United States Ambassador to Canada
- In office June 30, 1989 – June 20, 1992
- President: George H. W. Bush
- Preceded by: Thomas Niles
- Succeeded by: Peter Teeley

Personal details
- Born: Edward Noonan Ney May 26, 1925 Saint Paul, Minnesota, U.S.
- Died: January 8, 2014 (aged 88)
- Party: Republican

= Edward N. Ney =

American businessman and diplomat

Edward Noonan Ney (May 26, 1925 – January 8, 2014) was the chief executive officer of advertising agency Young & Rubicam from 1970 to 1986, and served as United States Ambassador to Canada from 1989 to 1992.

==Biography==

===Early life===
Edward N. Ney was born in Saint Paul, Minnesota on May 26, 1925, the son of John J. Ney, a manager for American Standard Brands. He went to high school at the John Burroughs School in St. Louis, Missouri. He then attended Amherst College. During World War II, he served in the United States Naval Air Corps. After the war, he returned to Amherst and received his B.A. in 1946.
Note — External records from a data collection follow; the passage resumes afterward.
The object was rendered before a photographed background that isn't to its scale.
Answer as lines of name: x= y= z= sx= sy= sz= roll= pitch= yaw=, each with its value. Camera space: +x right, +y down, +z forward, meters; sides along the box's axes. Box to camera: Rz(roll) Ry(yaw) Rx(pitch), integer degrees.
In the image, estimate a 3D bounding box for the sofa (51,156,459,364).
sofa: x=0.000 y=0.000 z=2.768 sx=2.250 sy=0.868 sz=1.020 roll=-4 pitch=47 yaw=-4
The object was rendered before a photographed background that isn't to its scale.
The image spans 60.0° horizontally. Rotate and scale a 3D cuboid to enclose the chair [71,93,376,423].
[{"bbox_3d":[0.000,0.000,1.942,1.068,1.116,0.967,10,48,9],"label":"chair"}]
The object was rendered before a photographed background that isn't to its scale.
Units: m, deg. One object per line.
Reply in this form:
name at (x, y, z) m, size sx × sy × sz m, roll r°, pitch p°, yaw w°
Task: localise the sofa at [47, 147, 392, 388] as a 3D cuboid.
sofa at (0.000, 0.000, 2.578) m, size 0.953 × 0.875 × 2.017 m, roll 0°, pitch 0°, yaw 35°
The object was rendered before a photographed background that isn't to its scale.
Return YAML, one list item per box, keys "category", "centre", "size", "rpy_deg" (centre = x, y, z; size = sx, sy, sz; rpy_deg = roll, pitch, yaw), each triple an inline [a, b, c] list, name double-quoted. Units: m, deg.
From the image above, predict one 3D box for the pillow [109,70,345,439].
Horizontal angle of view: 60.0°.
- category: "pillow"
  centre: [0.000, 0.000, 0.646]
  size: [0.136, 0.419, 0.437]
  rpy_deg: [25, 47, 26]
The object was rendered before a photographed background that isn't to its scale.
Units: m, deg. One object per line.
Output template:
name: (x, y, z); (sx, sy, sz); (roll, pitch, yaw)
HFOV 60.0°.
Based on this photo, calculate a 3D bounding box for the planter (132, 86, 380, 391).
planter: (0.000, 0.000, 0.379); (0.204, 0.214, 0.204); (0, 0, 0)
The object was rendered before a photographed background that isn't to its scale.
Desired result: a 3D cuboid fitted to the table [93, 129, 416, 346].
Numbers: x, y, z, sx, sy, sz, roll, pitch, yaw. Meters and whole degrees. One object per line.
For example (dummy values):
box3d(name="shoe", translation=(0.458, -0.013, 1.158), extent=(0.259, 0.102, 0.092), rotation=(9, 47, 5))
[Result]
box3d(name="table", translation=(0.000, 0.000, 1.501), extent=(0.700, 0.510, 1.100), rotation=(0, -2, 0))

In 1950, Ney married Suzanne Hayes and together the couple had three children, Nicholas (b. Feb. 12, 1953), Hillary (b. 1954), and Michelle (b. Dec. 9, 1955). In 1974 they divorced and he married Judy Lasky the same year. In 2010, he married a last time Patricia Wood, widow of tennis champion Sidney Wood and sister of fashion editor Catherine Murray di Montezemolo.

===Career===
In 1951, Ney joined Young & Rubicam, the world's largest advertising communications company, as an account manager. Ney worked his way up the ranks at Young & Rubicam, eventually becoming the company's president and then, in 1970, its chief executive officer, a position he held until 1986. He was chairman of Young & Rubicam from 1986 until 1989. He was also Vice-Chairman of Paine Webber during the same years. Ney was inducted into the American Advertising Federation Hall of Fame in 1988.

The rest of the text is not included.